The Scientist’s Rainbow

How many colors do you need? Color costs money to print, and disappears when you laser print, fax, or photocopy a graphic, and some people (like me) have trouble seeing it. This is why I use grayscale graphics wherever possible, saving color for emphasis (I’ll say more about this in a future post).

The opposite of this approach is a graphic that uses every color in the visible spectrum for no apparent reason. One finds this so often in computer-generated charts in scientific publications that I call it The Scientist’s Rainbow. Once identified, you’ll see it everywhere. Here’s a good example.

rainbow1.jpg

The original had no key to the colors, and they seem to correspond only to the scale on the y-axis. One way of testing whether color is conveying any information is to convert the graphic to grayscale.

rainbow1b.jpg

So this color was just for decoration—yes, rainbows are pretty. But sometimes the Scientist’s Rainbow is actually impeding communication. The visual spectrum isn’t arranged in an intuitive order, and if there’s a scattering of colors it can be pretty hard to extract values for the mess.

rainbow2.jpg

We sould start by extracting the meaningful stuff from the empty space. I expanded the vertical scale until the pixels were squares, not rectangles, converted everything to grayscale, blurred away the sharp edges, and messed with the contrast a little.

rainbow2b.jpg

Note that the lightest areas are not the highest intensity, but correspond to yellow and green in the middle of the spectrum. The highest values on the colored graph are reds, which are as dark as the blues at the other end (so the original would be meaningless as soon as it was photocopied). We’d be best to plot the raw data again using a black-to-white scale, although some clever color substitution in Photoshop could also convert a rainbow to shades of gray. That sort of work is best left to interns though, with their love of drudgery.

August 28, 2006

Ditch the Tables, NYT!

Tables are often better than charts, especially with just a few data points. But sometimes a graph is what you need. Here’s an example from the Sunday New York Times magazine of August 6th. It shows American opinons on what to do about Iran.

nyt-table.gif

Quick, what’s the message of the table? That most people think we should use diplomacy against Iran? If so, then why show three surveys? There must be some kind of trend here. Wait, why is the timeline going from right to left? OK, there seems to have been a dip in support for military action back in May, or was that a rise in the number of people who don’t think Iran is a threat? But there’s a 4% margin of error, isn’t there? Does that matter?
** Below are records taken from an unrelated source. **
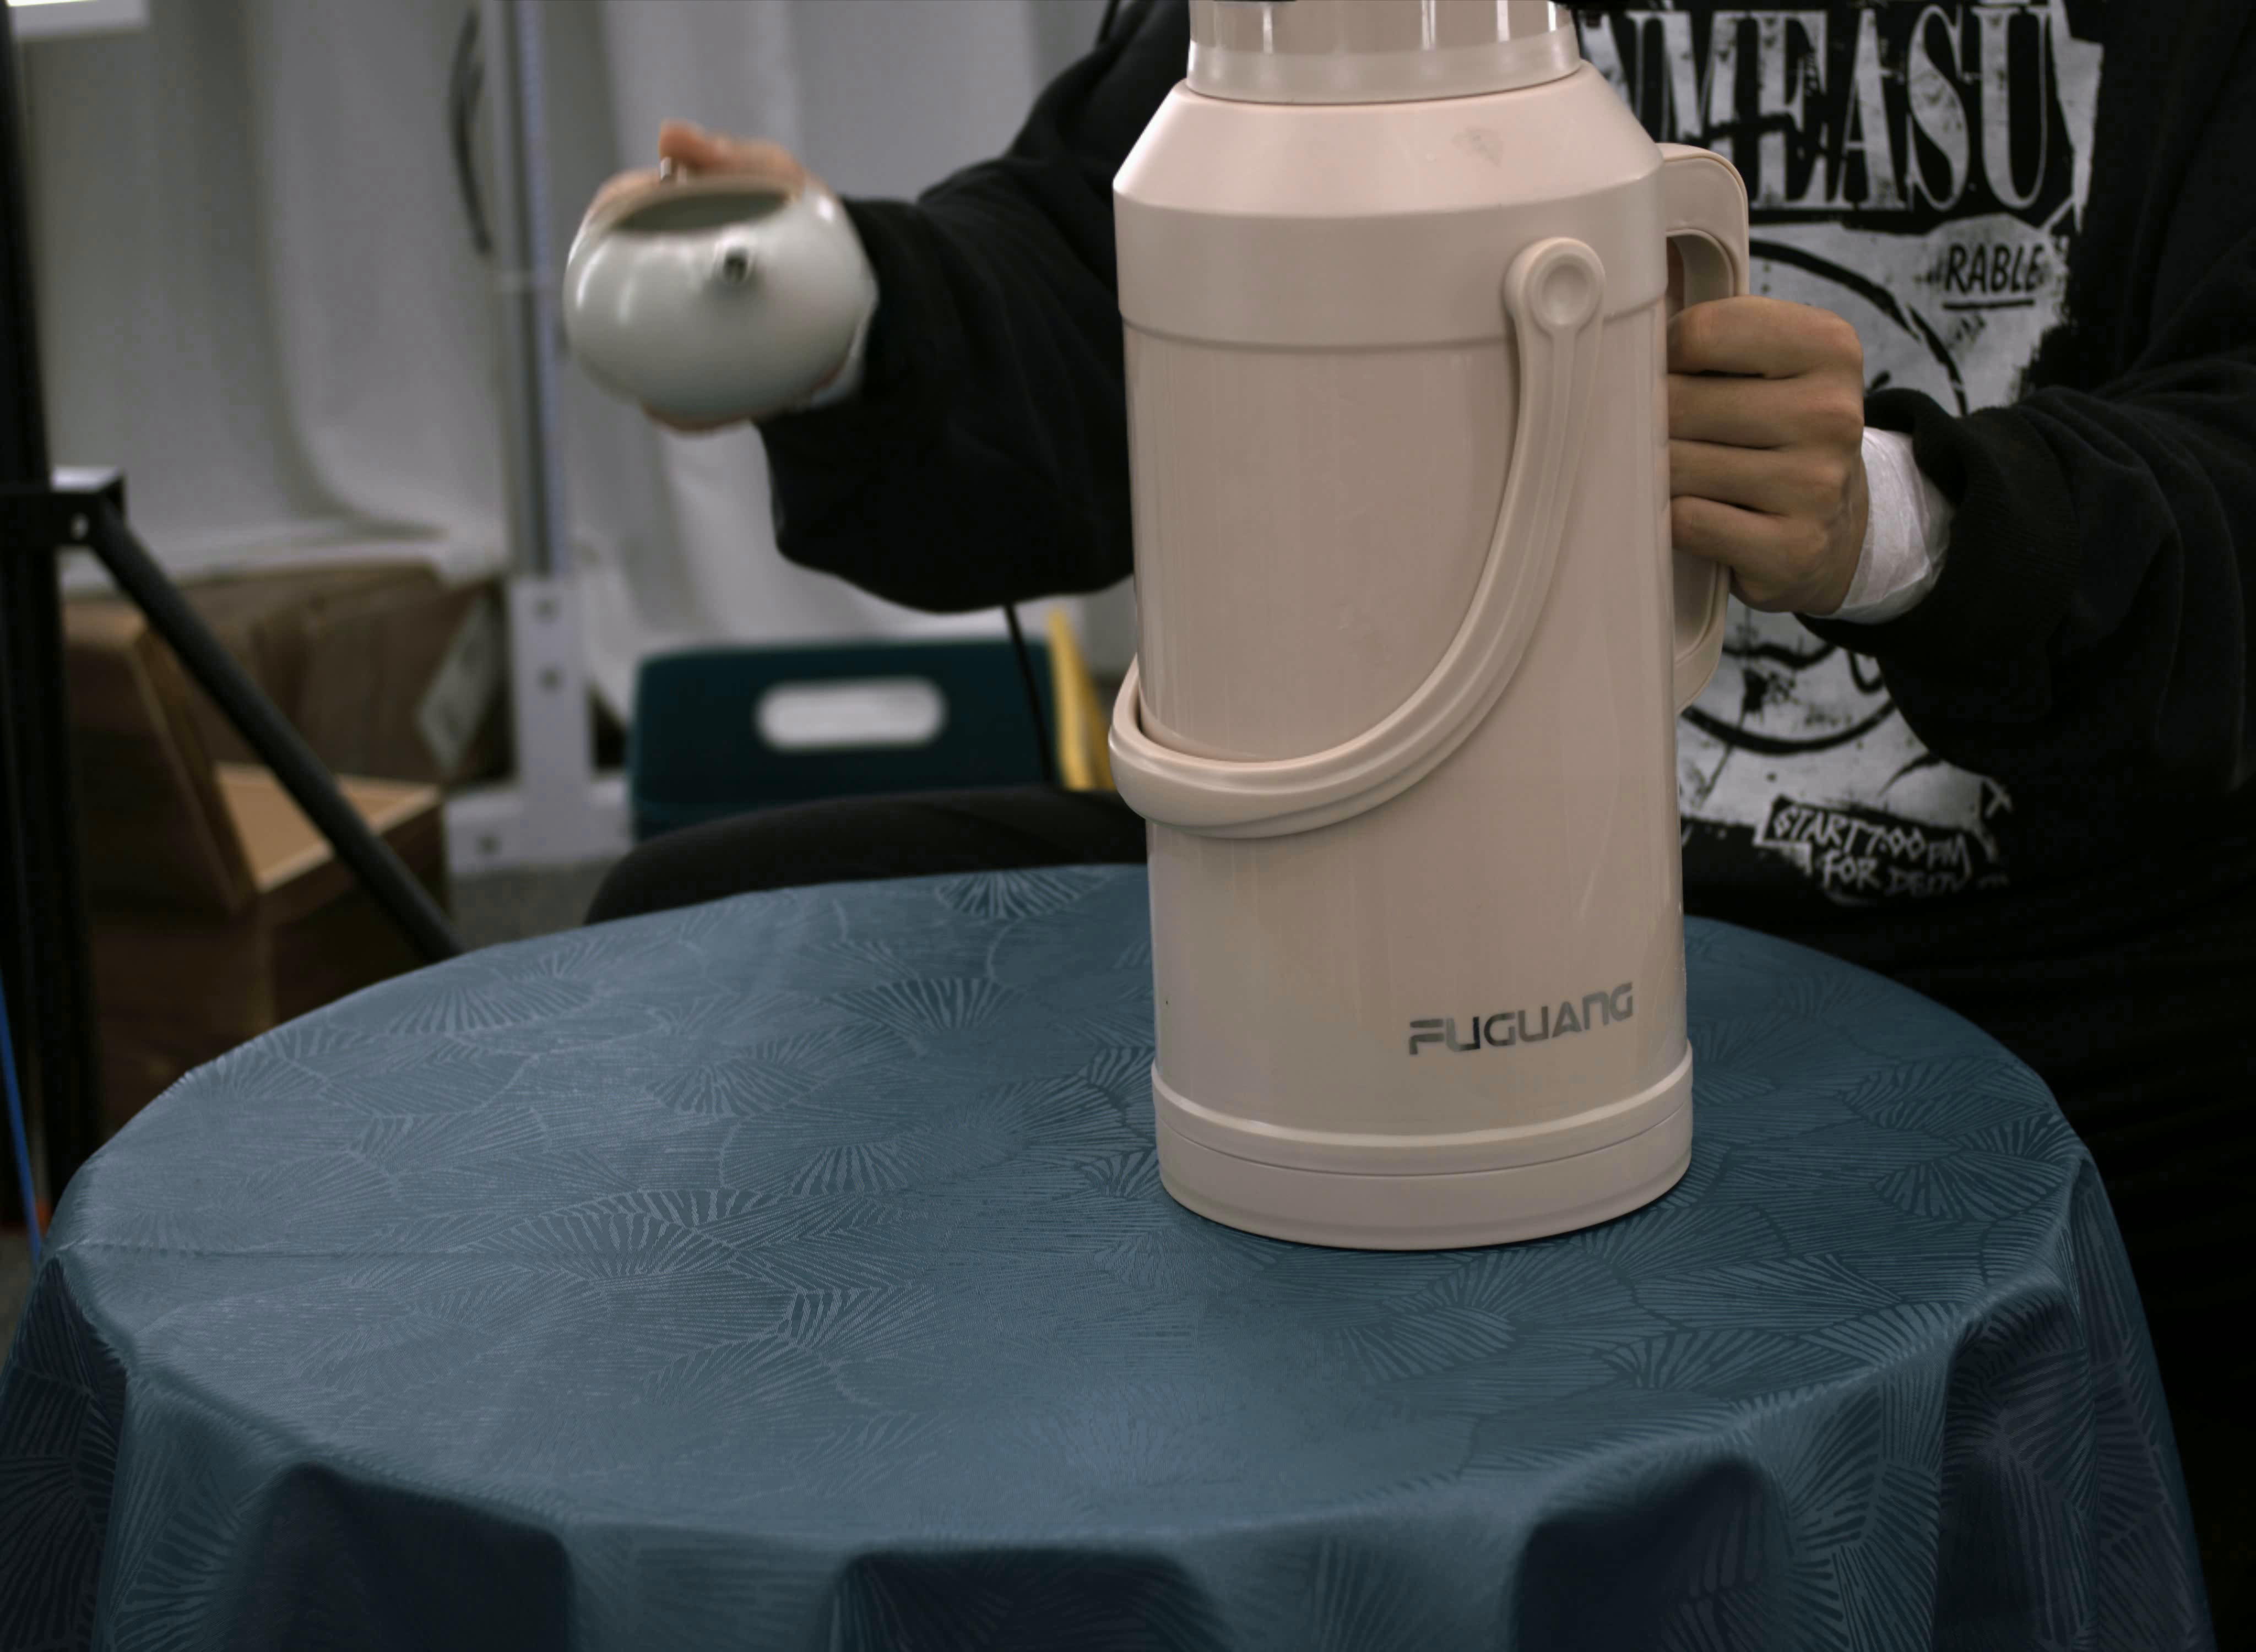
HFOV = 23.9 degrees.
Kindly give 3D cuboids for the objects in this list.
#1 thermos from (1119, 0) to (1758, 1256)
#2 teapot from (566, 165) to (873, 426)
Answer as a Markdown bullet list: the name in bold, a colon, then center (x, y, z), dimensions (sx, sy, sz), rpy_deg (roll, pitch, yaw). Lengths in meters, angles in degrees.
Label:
- **thermos**: center (0.094, -0.093, 1.522), dimensions (0.202, 0.406, 0.179), rpy_deg (-11, 15, -28)
- **teapot**: center (-0.124, -0.159, 1.597), dimensions (0.091, 0.059, 0.130), rpy_deg (-14, 25, -10)

Let’s try a graphical depiction. To reflect the 4% margin of error (presumably a 95% confidence interval 4 percentile points either side of the reported figure) I used an 8 pt line, where 1 pt = 1 pixel = 1 per cent when I originally constructed the graph in Illustrator. It would have been better to apply a linear gradient to each line that fades from the midpoint to the edges, but Illustrator can’t do that very easily.

nyttablelines.gif

I went into the public records and added the poll results for February, which are almost exactly the same as June. For some reason the Times left them out, though they had plenty of room. So is the dip in May significant? Did something happen then that the Times should be telling us about? Who knows?

But before we start over-analyzing the data, here are two different polls, both taken in February 2006. Note the difference in responses to essentially the same questions.

nyttablebars.gif

So the biggest differences are caused by pollsters; any supposed “trend” in the Times data is no greater than the difference between two simultaneous polls with slightly different questions. If the media just put a few polls side by side, maybe we’d lose our ill-founded confidence in them.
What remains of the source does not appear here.